Чаще всего побеждала хотя бы на короткое время ахинея. Потом выравнивалось, но Бродский был нетерпелив. Он восстал против упрощенной схемы жизни типичного советского парня пятидесятых-шестидесятых годов: школа - комсомол - институт - служба в армии - работа. Иногда институт и служба в армии менялись местами.
Бродский наметил себе путь, совсем не похожий на тот, которым шли его сверстники. Нарушив советские традиции, поменяв несколько школ, он в пятнадцать лет встал из-за парты и вышел, чтобы никогда больше не возвращаться в эти стены, "не столько в результате сознательного выбора, сколько повинуясь внутреннему импульсу". И сделал вывод: "Единственным способом для мальчика бороться с неизбежной судьбой было сбиться с пути".
Такой поступок (можно предположить, сколь тяжким испытанием это было для родителей) свидетельствует о независимом характере и
стремлении к самостоятельности, свободе выбора. Позже в Нобелевской лекции он скажет:
"Независимо от того, является человек писателем или читателем, задача его состоит в том, чтобы прожить свою собственную, а не навязанную или предписанную извне, даже самым благородным образом выглядящую жизнь. Ибо она у каждого из нас только одна".
Бродский, оставив школу, пошел работать на завод, потом был санитаром в морге, матросом на маяке, с удовольствием ездил на сезонные работы в геологические экспедиции, какое-то время пытался учиться в вечерней школе, занимался переводами. Примерно в это же время начал писать стихи. Незакрепленность за одним местом работы не укладывалась в советские рамки, человек, не состоящий в штате, становился изгоем (Саша Соколов, Венедикт Ерофеев). Бродского это привело к суду. Он относился к тем, кто "и жить торопится, и чувствовать спешит". Несмотря на плохие отметки в школе, был одарен. Много занимался языками, прежде всего русским, "писал не только свободно и выразительно, с хорошим чувством композиции, но и очень грамотно" (Л. Лосев). Самостоятельно выучил польский и английский, со словарем читал по-французски и по-итальянски. Предпочтение отдавал книгам. Его "университеты" - это русская классика XVIII - XIX веков: поэты Державин, Кантемир, Вяземский, Баратынский; важными писателями для него были Карамзин, Тургенев, Достоевский. Творчество Дос Пасоса, Хемингуэя, Томаса Манна, английская и французская лирика - это окно в другие миры.
Он считал для себя "источниками света" Осипа Мандельштама, Марину Цветаеву, Роберта Фроста, Анну Ахматову, Уистена Одена; в такой последовательности назвал их в Нобелевской лекции, заметив, что "число их велико в жизни любого сознательного литератора".

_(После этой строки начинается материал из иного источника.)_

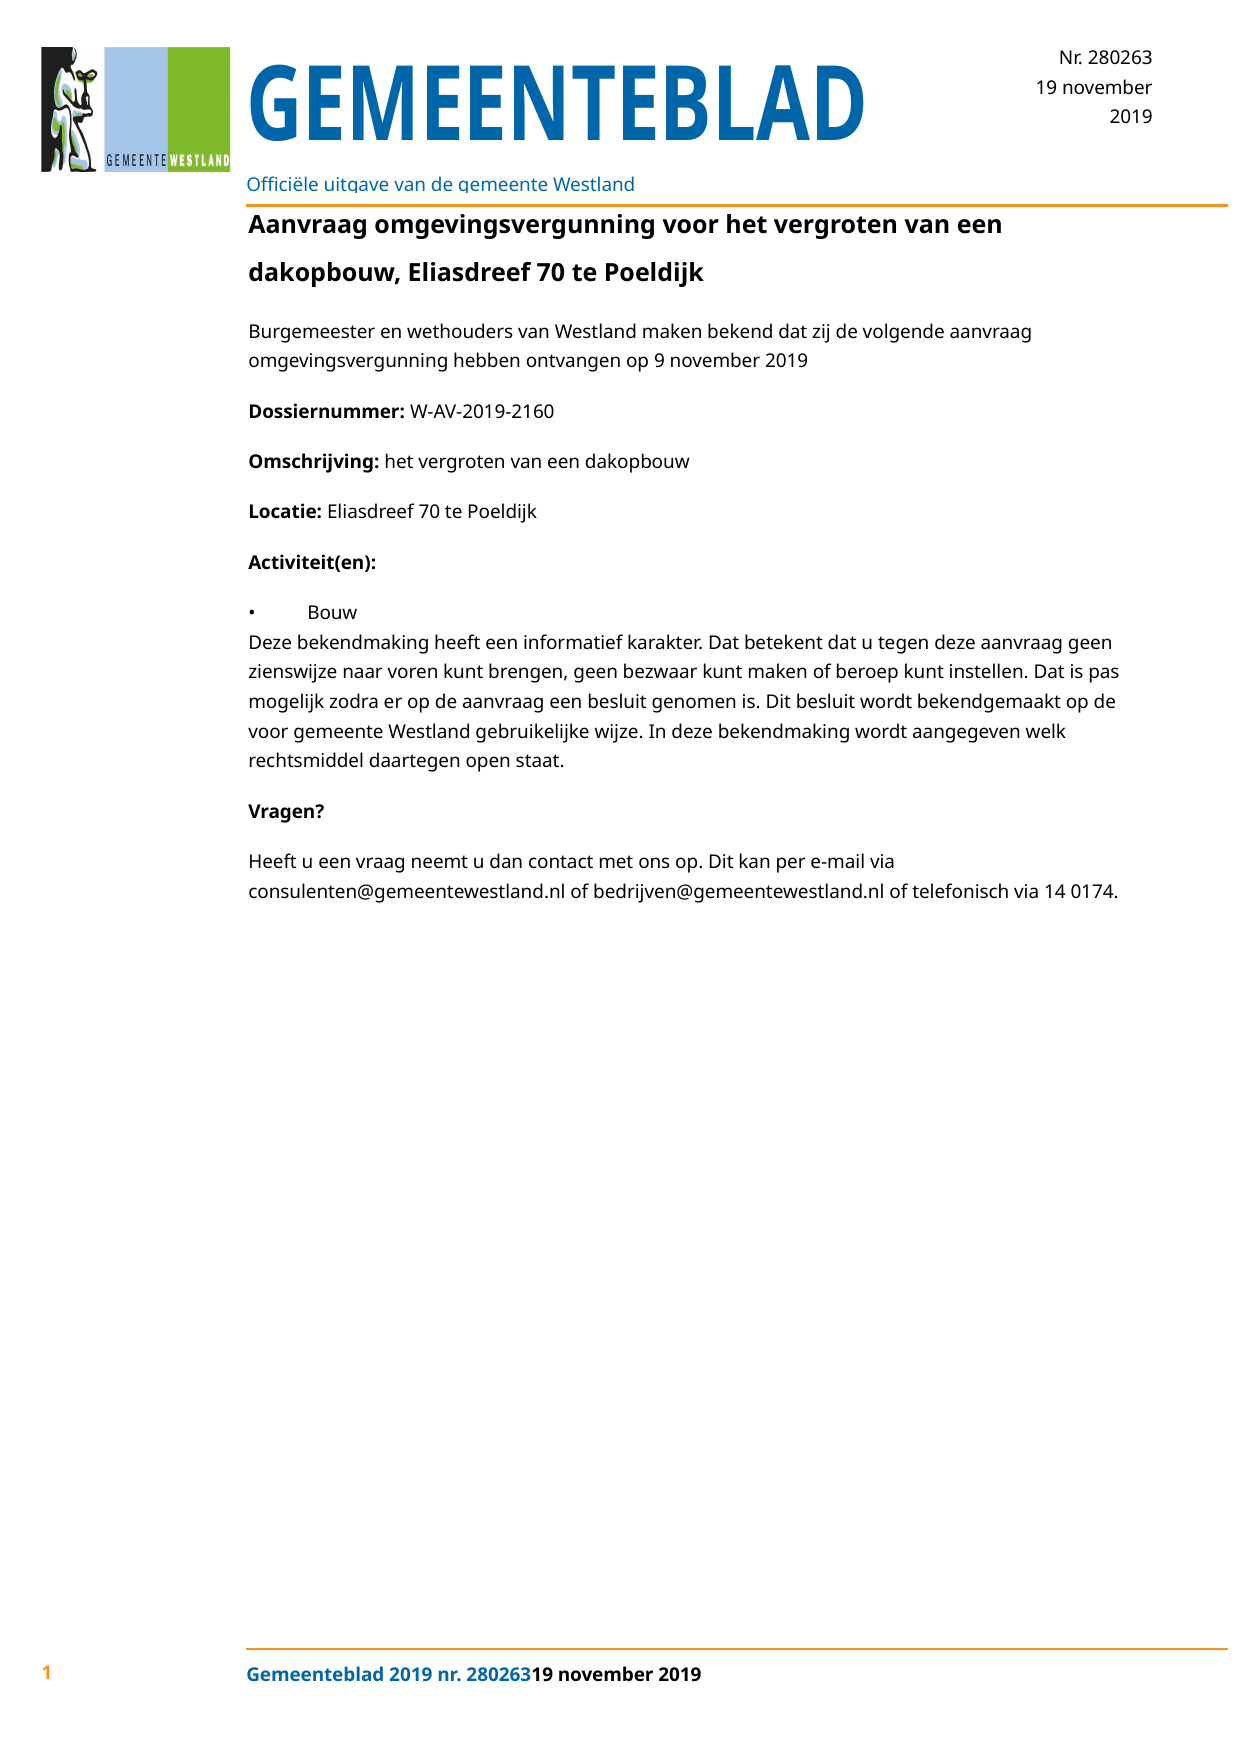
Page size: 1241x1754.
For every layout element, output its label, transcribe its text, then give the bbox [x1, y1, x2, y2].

text Heeft u een vraag neemt u dan contact met ons op. Dit kan per e-mail via consulenten@gemeentewestland.nl of bedrijven@gemeentewestland.nl of telefonisch via 14 0174. [248, 848, 1152, 904]
picture [41, 47, 231, 172]
text Omschrijving: het vergroten van een dakopbouw [248, 448, 1152, 474]
list Bouw [248, 599, 1152, 625]
text Vragen? [248, 798, 1152, 824]
text Aanvraag omgevingsvergunning voor het vergroten van een dakopbouw, Eliasdreef 70 te Poeldijk [248, 207, 1152, 288]
text Locatie: Eliasdreef 70 te Poeldijk [248, 499, 1152, 524]
text Activiteit(en): [248, 549, 1152, 575]
text Dossiernummer: W-AV-2019-2160 [248, 398, 1152, 424]
text Deze bekendmaking heeft een informatief karakter. Dat betekent dat u tegen deze aanvraag geen zienswijze naar voren kunt brengen, geen bezwaar kunt maken of beroep kunt instellen. Dat is pas mogelijk zodra er op de aanvraag een besluit genomen is. Dit besluit wordt bekendgemaakt op de voor gemeente Westland gebruikelijke wijze. In deze bekendmaking wordt aangegeven welk rechtsmiddel daartegen open staat. [248, 629, 1152, 773]
text Burgemeester en wethouders van Westland maken bekend dat zij de volgende aanvraag omgevingsvergunning hebben ontvangen op 9 november 2019 [248, 318, 1152, 373]
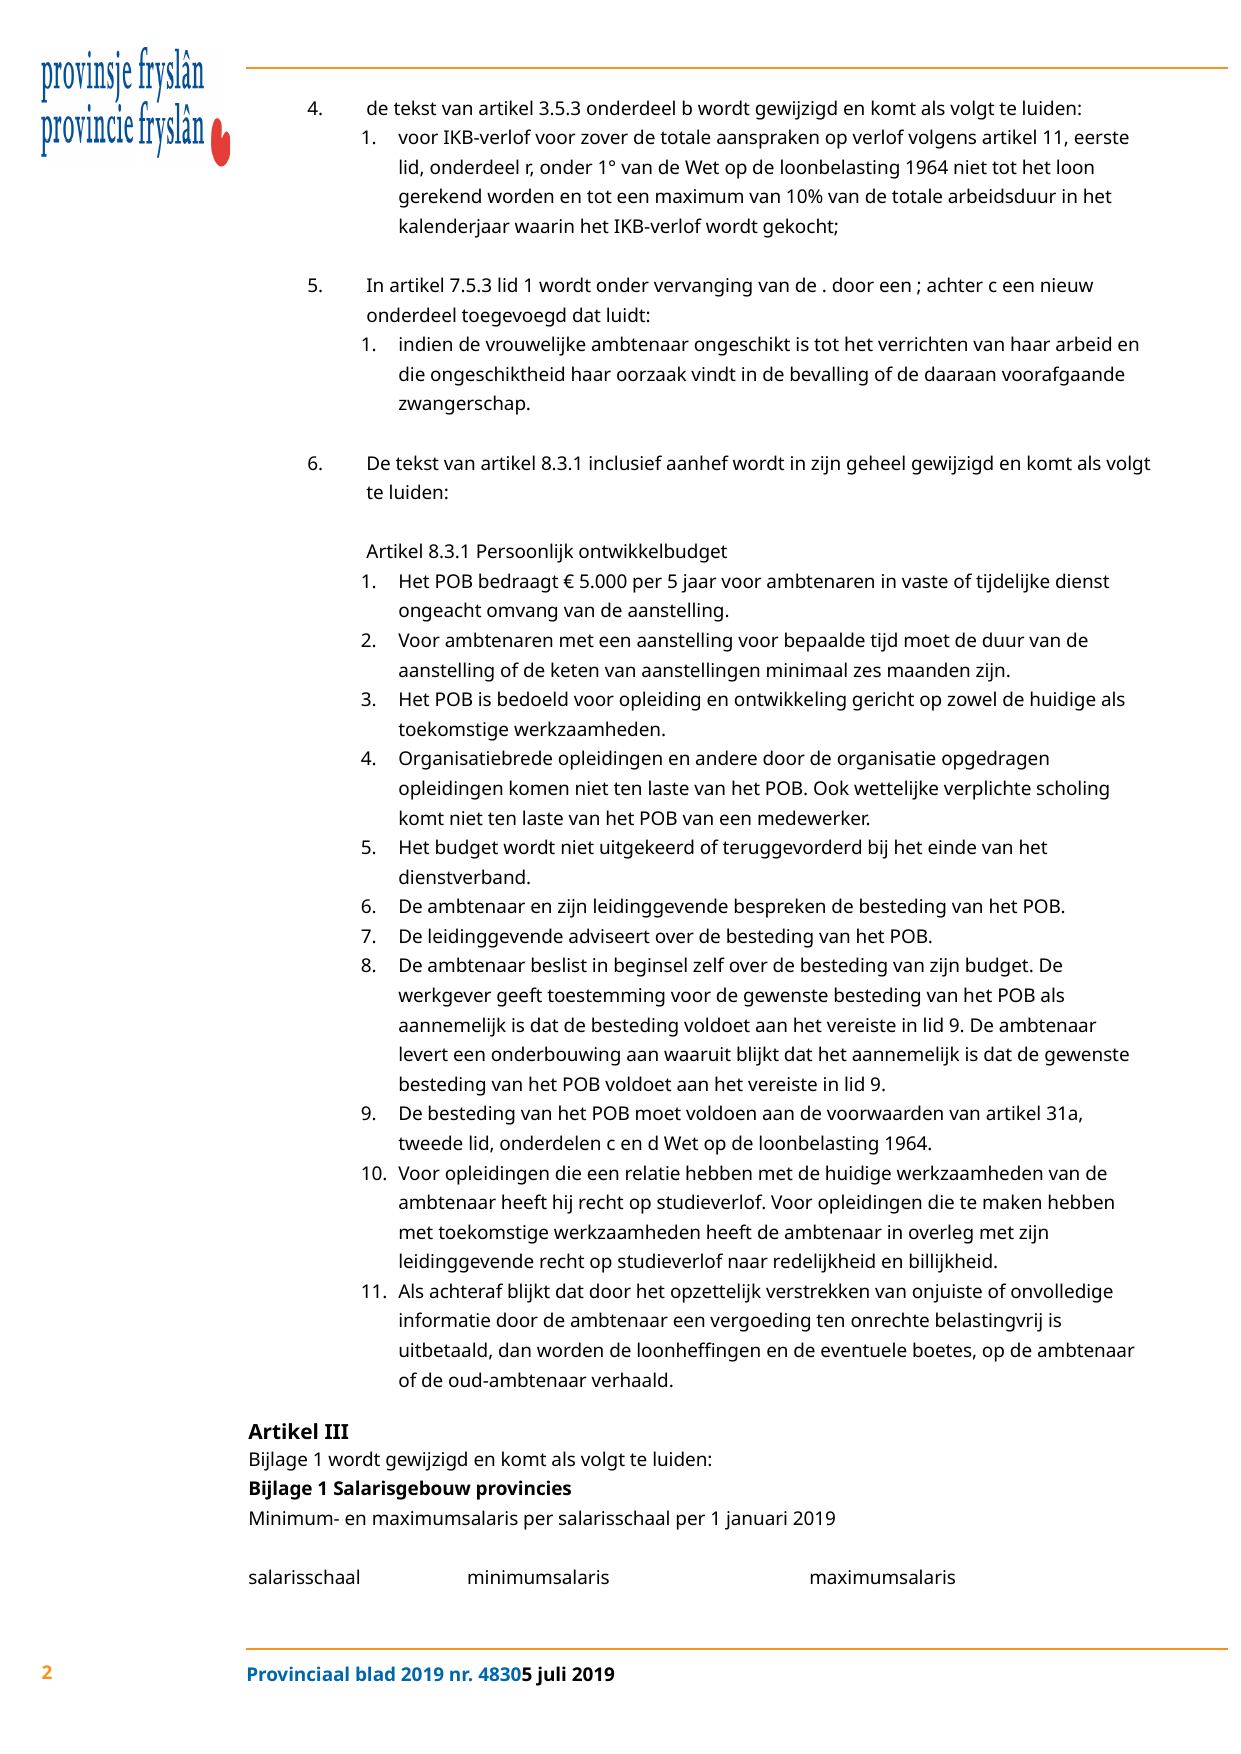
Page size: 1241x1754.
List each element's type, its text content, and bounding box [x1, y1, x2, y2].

list De ambtenaar en zijn leidinggevende bespreken de besteding van het POB. [361, 893, 1152, 919]
list Voor ambtenaren met een aanstelling voor bepaalde tijd moet de duur van de aanstelling of de keten van aanstellingen minimaal zes maanden zijn. [361, 627, 1152, 683]
table_header minimumsalaris [467, 1564, 809, 1590]
list Organisatiebrede opleidingen en andere door de organisatie opgedragen opleidingen komen niet ten laste van het POB. Ook wettelijke verplichte scholing komt niet ten laste van het POB van een medewerker. [361, 746, 1152, 831]
list voor IKB-verlof voor zover de totale aanspraken op verlof volgens artikel 11, eerste lid, onderdeel r, onder 1° van de Wet op de loonbelasting 1964 niet tot het loon gerekend worden en tot een maximum van 10% van de totale arbeidsduur in het kalenderjaar waarin het IKB-verlof wordt gekocht; [361, 124, 1152, 239]
list Als achteraf blijkt dat door het opzettelijk verstrekken van onjuiste of onvolledige informatie door de ambtenaar een vergoeding ten onrechte belastingvrij is uitbetaald, dan worden de loonheffingen en de eventuele boetes, op de ambtenaar of de oud-ambtenaar verhaald. [361, 1278, 1152, 1393]
list Artikel 8.3.1 Persoonlijk ontwikkelbudget [307, 538, 1152, 564]
list In artikel 7.5.3 lid 1 wordt onder vervanging van de . door een ; achter c een nieuw onderdeel toegevoegd dat luidt: [307, 272, 1152, 328]
list Het budget wordt niet uitgekeerd of teruggevorderd bij het einde van het dienstverband. [361, 834, 1152, 890]
picture [41, 47, 231, 172]
list Het POB bedraagt € 5.000 per 5 jaar voor ambtenaren in vaste of tijdelijke dienst ongeacht omvang van de aanstelling. [361, 568, 1152, 623]
text Artikel III [248, 1417, 1152, 1446]
list indien de vrouwelijke ambtenaar ongeschikt is tot het verrichten van haar arbeid en die ongeschiktheid haar oorzaak vindt in de bevalling of de daaraan voorafgaande zwangerschap. [361, 331, 1152, 416]
list De besteding van het POB moet voldoen aan de voorwaarden van artikel 31a, tweede lid, onderdelen c en d Wet op de loonbelasting 1964. [361, 1101, 1152, 1156]
list Het POB is bedoeld voor opleiding en ontwikkeling gericht op zowel de huidige als toekomstige werkzaamheden. [361, 686, 1152, 742]
list Voor opleidingen die een relatie hebben met de huidige werkzaamheden van de ambtenaar heeft hij recht op studieverlof. Voor opleidingen die te maken hebben met toekomstige werkzaamheden heeft de ambtenaar in overleg met zijn leidinggevende recht op studieverlof naar redelijkheid en billijkheid. [361, 1160, 1152, 1274]
list De tekst van artikel 8.3.1 inclusief aanhef wordt in zijn geheel gewijzigd en komt als volgt te luiden: [307, 450, 1152, 505]
text Bijlage 1 Salarisgebouw provincies [248, 1475, 1152, 1501]
list De leidinggevende adviseert over de besteding van het POB. [361, 923, 1152, 949]
text Bijlage 1 wordt gewijzigd en komt als volgt te luiden: [248, 1446, 1152, 1471]
list de tekst van artikel 3.5.3 onderdeel b wordt gewijzigd en komt als volgt te luiden: [307, 95, 1152, 121]
list De ambtenaar beslist in beginsel zelf over de besteding van zijn budget. De werkgever geeft toestemming voor de gewenste besteding van het POB als aannemelijk is dat de besteding voldoet aan het vereiste in lid 9. De ambtenaar levert een onderbouwing aan waaruit blijkt dat het aannemelijk is dat de gewenste besteding van het POB voldoet aan het vereiste in lid 9. [361, 953, 1152, 1097]
table_header salarisschaal [248, 1564, 467, 1590]
table_header maximumsalaris [809, 1564, 1152, 1590]
text Minimum- en maximumsalaris per salarisschaal per 1 januari 2019 [248, 1505, 1152, 1531]

С А. А. Ахматовой его познакомил Евгений Рейн, и они небольшой поэтической группой (Рейн, Бродский, Бобышев, Кушнер) часто бывали у нее. Ахматова выделяла Бродского, высоко ставила его талант, искренне желала, чтобы он состоялся как поэт. // О своем я уже не заплачу, // Но не видеть бы мне на земле // Золотое клеймо неудачи // На его безмятежном челе", - написала посвященные ему строки.
Придавая большое значение литературе как одному из видов искусства, Бродский в Нобелевской лекции сказал: "Я не призываю к замене государства библиотекой - хотя мысль эта неоднократно меня посещала, - но я не сомневаюсь, что, выбирай мы наших правителей на основании их читательского опыта, а не на основании их политических программ, на земле было бы меньше горя".